Fixed the comment issue.

kenwenzel

Thank you for the good work. I only have some minor comments.

kenwenzel · 2025-06-24T06:13:35Z

core/sail/lmdb/src/main/java/org/eclipse/rdf4j/sail/lmdb/TripleStore.java

+		}
+
+		// Fast path: if only context is specified, return the size of the given context
+		if (subj == LmdbValue.UNKNOWN_ID && pred == LmdbValue.UNKNOWN_ID


Could be combined with previous if where context variable is checked inside. This would also avoid the slower call to stackGet().

kenwenzel · 2025-06-24T06:15:09Z

core/sail/base/src/main/java/org/eclipse/rdf4j/sail/base/SailDatasetImpl.java

-import java.util.Iterator;
-import java.util.List;
-import java.util.Map;
+import java.util.*;


@hmottestad Do we have any rules when using wildcard imports are allowed?

We usually don't use wildcard, but it's unfortunately not picked up by the formatter.

kenwenzel · 2025-06-24T06:16:19Z

core/sail/base/src/main/java/org/eclipse/rdf4j/sail/base/SailDatasetImpl.java

+		}
+
+		// Fallback path: iterate over all matching statements
+		return getStatements(subj, pred, obj, contexts).stream().count();


@odysa Does this call materialize/resolve all values in LmdbStore?

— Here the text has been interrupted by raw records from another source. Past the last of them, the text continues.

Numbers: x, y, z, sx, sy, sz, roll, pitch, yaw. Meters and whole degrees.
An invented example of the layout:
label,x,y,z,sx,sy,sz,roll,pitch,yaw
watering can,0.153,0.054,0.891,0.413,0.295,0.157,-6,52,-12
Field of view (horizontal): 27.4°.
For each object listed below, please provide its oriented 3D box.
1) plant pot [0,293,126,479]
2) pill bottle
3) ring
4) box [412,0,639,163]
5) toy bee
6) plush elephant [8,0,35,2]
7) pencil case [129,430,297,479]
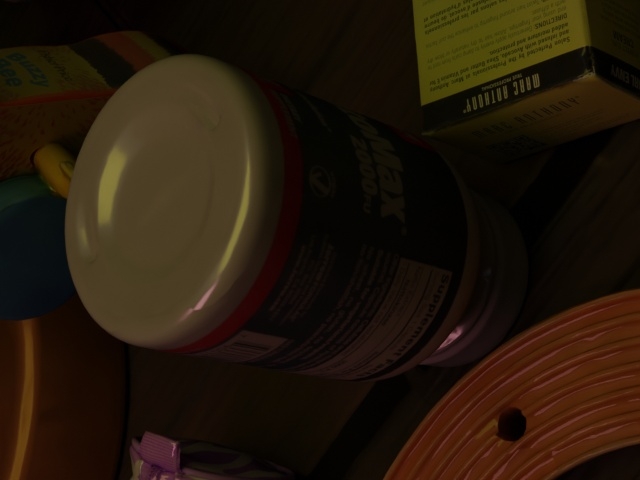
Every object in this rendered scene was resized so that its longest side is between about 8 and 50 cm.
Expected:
label,x,y,z,sx,sy,sz,roll,pitch,yaw
plant pot,-0.282,0.092,0.751,0.291,0.203,0.291,-13,71,42
pill bottle,0.000,0.000,0.525,0.108,0.180,0.108,-12,72,40
ring,0.134,0.180,0.461,0.336,0.032,0.336,-11,73,41
box,0.084,-0.157,0.571,0.087,0.058,0.232,-19,68,39
toy bee,-0.156,-0.039,0.588,0.195,0.298,0.162,24,135,27
plush elephant,-0.312,-0.315,0.856,0.255,0.330,0.272,23,104,62
pencil case,-0.072,0.193,0.610,0.086,0.088,0.206,8,84,42
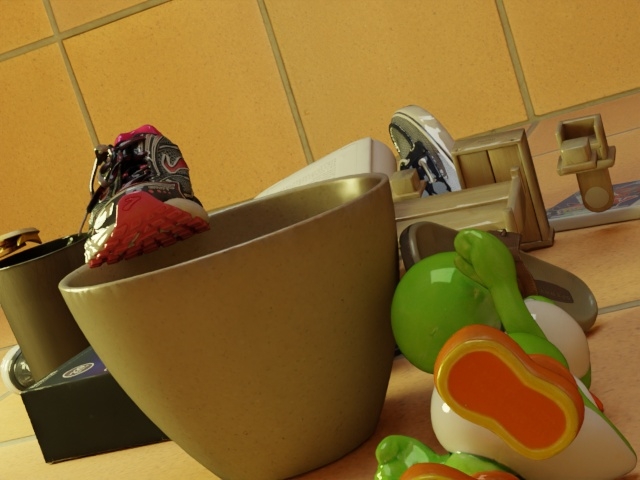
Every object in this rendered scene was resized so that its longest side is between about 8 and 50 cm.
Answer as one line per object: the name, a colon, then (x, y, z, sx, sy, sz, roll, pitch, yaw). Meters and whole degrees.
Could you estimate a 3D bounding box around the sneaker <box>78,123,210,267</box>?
sneaker: (-0.181, -0.046, 1.124, 0.121, 0.112, 0.299, -19, 9, -5)

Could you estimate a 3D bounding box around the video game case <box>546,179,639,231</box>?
video game case: (0.444, -0.058, 1.777, 0.201, 0.023, 0.183, -11, 11, 42)

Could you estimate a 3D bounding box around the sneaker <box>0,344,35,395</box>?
sneaker: (-0.358, 0.160, 1.823, 0.153, 0.101, 0.269, -8, 19, 46)

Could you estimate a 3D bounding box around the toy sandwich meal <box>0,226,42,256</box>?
toy sandwich meal: (-0.442, 0.006, 1.673, 0.086, 0.029, 0.085, -19, -3, -1)

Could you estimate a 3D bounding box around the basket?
basket: (-0.358, 0.120, 1.629, 0.154, 0.226, 0.204, -20, 8, -9)

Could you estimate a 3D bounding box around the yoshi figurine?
yoshi figurine: (0.115, 0.101, 0.921, 0.204, 0.203, 0.362, -23, 4, 16)

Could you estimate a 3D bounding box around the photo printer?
photo printer: (0.000, 0.000, 1.720, 0.256, 0.107, 0.307, -28, 29, 20)

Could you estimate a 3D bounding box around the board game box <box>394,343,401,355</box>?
board game box: (0.062, 0.098, 1.460, 0.194, 0.060, 0.194, -23, 11, -28)

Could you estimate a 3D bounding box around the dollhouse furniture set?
dollhouse furniture set: (0.239, 0.000, 1.535, 0.303, 0.173, 0.355, -11, 24, 21)

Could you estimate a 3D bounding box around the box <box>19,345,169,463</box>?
box: (-0.222, 0.171, 1.463, 0.184, 0.103, 0.261, -17, 8, 22)

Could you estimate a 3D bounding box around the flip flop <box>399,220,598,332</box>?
flip flop: (0.188, 0.033, 1.154, 0.277, 0.112, 0.080, 15, -41, -34)

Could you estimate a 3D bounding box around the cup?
cup: (-0.058, 0.096, 1.134, 0.331, 0.236, 0.331, -18, 8, 3)

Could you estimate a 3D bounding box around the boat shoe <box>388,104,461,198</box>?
boat shoe: (0.153, -0.091, 1.858, 0.158, 0.127, 0.340, -26, 40, -9)
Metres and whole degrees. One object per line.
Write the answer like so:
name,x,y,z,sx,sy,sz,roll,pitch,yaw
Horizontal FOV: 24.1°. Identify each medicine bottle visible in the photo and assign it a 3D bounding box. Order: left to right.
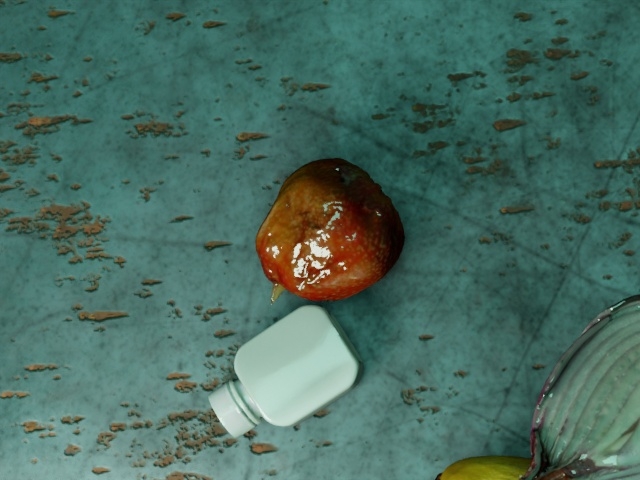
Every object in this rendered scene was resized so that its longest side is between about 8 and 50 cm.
medicine bottle,-0.045,0.167,1.844,0.183,0.069,0.119,-34,80,2

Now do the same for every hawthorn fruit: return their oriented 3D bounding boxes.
hawthorn fruit,0.009,-0.012,1.817,0.179,0.173,0.173,-13,80,6

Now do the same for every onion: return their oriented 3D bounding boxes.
onion,0.346,0.232,1.710,0.349,0.159,0.267,-29,68,-10

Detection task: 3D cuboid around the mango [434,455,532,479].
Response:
mango,0.250,0.340,1.756,0.262,0.109,0.157,23,75,3
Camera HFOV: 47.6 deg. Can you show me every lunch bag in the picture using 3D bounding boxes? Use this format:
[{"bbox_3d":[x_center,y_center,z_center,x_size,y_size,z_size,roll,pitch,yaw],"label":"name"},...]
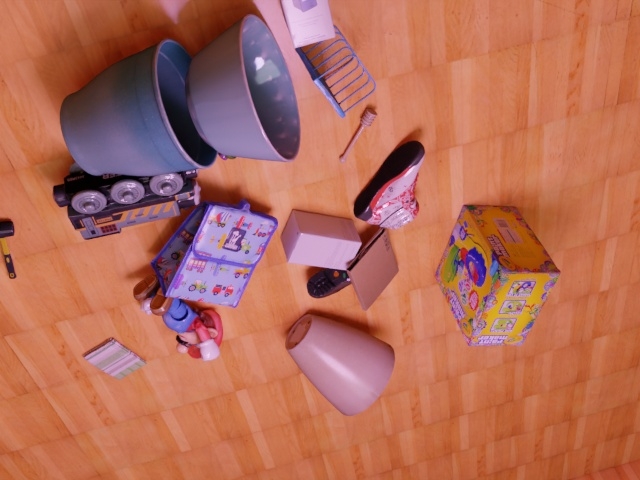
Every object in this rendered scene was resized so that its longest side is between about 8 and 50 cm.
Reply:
[{"bbox_3d":[-0.257,0.011,1.851,0.221,0.138,0.293,14,120,-41],"label":"lunch bag"}]

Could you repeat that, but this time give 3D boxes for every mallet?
[{"bbox_3d":[-0.766,0.025,1.793,0.062,0.039,0.189,-11,137,-10],"label":"mallet"}]

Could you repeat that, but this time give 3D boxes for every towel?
[{"bbox_3d":[-0.602,0.348,2.131,0.113,0.023,0.152,-30,134,13],"label":"towel"}]

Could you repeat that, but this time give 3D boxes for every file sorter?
[{"bbox_3d":[0.035,-0.374,1.582,0.104,0.170,0.118,-35,130,10],"label":"file sorter"}]

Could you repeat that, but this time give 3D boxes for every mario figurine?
[{"bbox_3d":[-0.386,0.237,1.972,0.170,0.198,0.320,-24,139,12],"label":"mario figurine"}]

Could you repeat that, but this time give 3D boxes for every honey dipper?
[{"bbox_3d":[0.090,-0.254,1.796,0.031,0.030,0.160,13,127,-26],"label":"honey dipper"}]

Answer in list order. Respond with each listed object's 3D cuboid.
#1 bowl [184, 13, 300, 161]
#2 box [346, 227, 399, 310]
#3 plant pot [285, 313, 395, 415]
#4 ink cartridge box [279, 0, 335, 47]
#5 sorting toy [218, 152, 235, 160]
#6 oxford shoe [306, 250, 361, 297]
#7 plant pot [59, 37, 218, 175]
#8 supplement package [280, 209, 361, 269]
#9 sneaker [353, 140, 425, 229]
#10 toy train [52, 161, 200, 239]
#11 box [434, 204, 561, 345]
[{"bbox_3d":[-0.172,-0.298,1.524,0.163,0.311,0.311,-13,134,16],"label":"bowl"},{"bbox_3d":[0.148,0.082,2.018,0.164,0.021,0.201,-49,144,-20],"label":"box"},{"bbox_3d":[0.036,0.348,2.184,0.274,0.256,0.256,37,114,-20],"label":"plant pot"},{"bbox_3d":[-0.046,-0.518,1.441,0.093,0.154,0.212,-15,133,-1],"label":"ink cartridge box"},{"bbox_3d":[-0.247,-0.219,1.708,0.102,0.061,0.042,42,112,-14],"label":"sorting toy"},{"bbox_3d":[0.063,0.097,2.074,0.227,0.082,0.096,-23,164,-7],"label":"oxford shoe"},{"bbox_3d":[-0.387,-0.253,1.518,0.255,0.271,0.271,-12,134,14],"label":"plant pot"},{"bbox_3d":[0.000,0.000,1.939,0.179,0.105,0.105,9,128,-24],"label":"supplement package"},{"bbox_3d":[0.217,-0.138,1.895,0.145,0.090,0.270,20,125,-31],"label":"sneaker"},{"bbox_3d":[-0.444,-0.113,1.703,0.334,0.142,0.190,-14,146,-8],"label":"toy train"},{"bbox_3d":[0.485,0.098,2.039,0.177,0.290,0.279,1,129,-17],"label":"box"}]
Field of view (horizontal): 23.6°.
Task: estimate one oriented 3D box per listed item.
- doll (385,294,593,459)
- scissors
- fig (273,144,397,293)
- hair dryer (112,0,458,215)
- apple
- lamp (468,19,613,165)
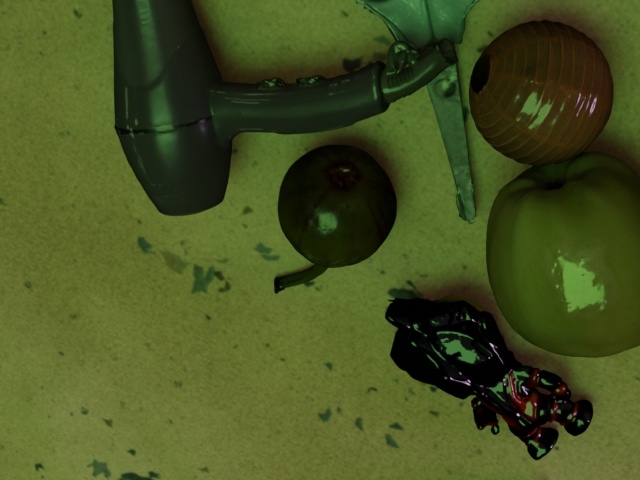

No. It calls getStatements here

rdf4j/core/sail/lmdb/src/main/java/org/eclipse/rdf4j/sail/lmdb/LmdbSailStore.java

Lines 927 to 941 in d78001b

public CloseableIteration<? extends Statement> getStatements(Resource subj, IRI pred, Value obj,

Resource... contexts) throws SailException {

try {

return createStatementIterator(txn, subj, pred, obj, explicit, contexts);

} catch (IOException e) {

try {

logger.warn("Failed to get statements, retrying", e);

// try once more before giving up

Thread.yield();

return createStatementIterator(txn, subj, pred, obj, explicit, contexts);

} catch (IOException e2) {

throw new SailException("Unable to get statements", e);

}

}

}

And eventually calls getNextElement

rdf4j/core/sail/lmdb/src/main/java/org/eclipse/rdf4j/sail/lmdb/LmdbStatementIterator.java

Lines 53 to 78 in d78001b

public Statement getNextElement() throws SailException {

try {

long[] quad = recordIt.next();

if (quad == null) {

return null;

}

long subjID = quad[TripleStore.SUBJ_IDX];

Resource subj = (Resource) valueStore.getLazyValue(subjID);

long predID = quad[TripleStore.PRED_IDX];

IRI pred = (IRI) valueStore.getLazyValue(predID);

long objID = quad[TripleStore.OBJ_IDX];

Value obj = valueStore.getLazyValue(objID);

Resource context = null;

long contextID = quad[TripleStore.CONTEXT_IDX];

if (contextID != 0) {

context = (Resource) valueStore.getLazyValue(contextID);

}

return valueStore.createStatement(subj, pred, obj, context);

} catch (IOException e) {

throw causeIOException(e);

}

hmottestad · 2025-07-14T11:00:15Z

This is still on my list of things to do. I've just been a bit too busy with other things, RDF4J is a side project that I work on next to my regular job.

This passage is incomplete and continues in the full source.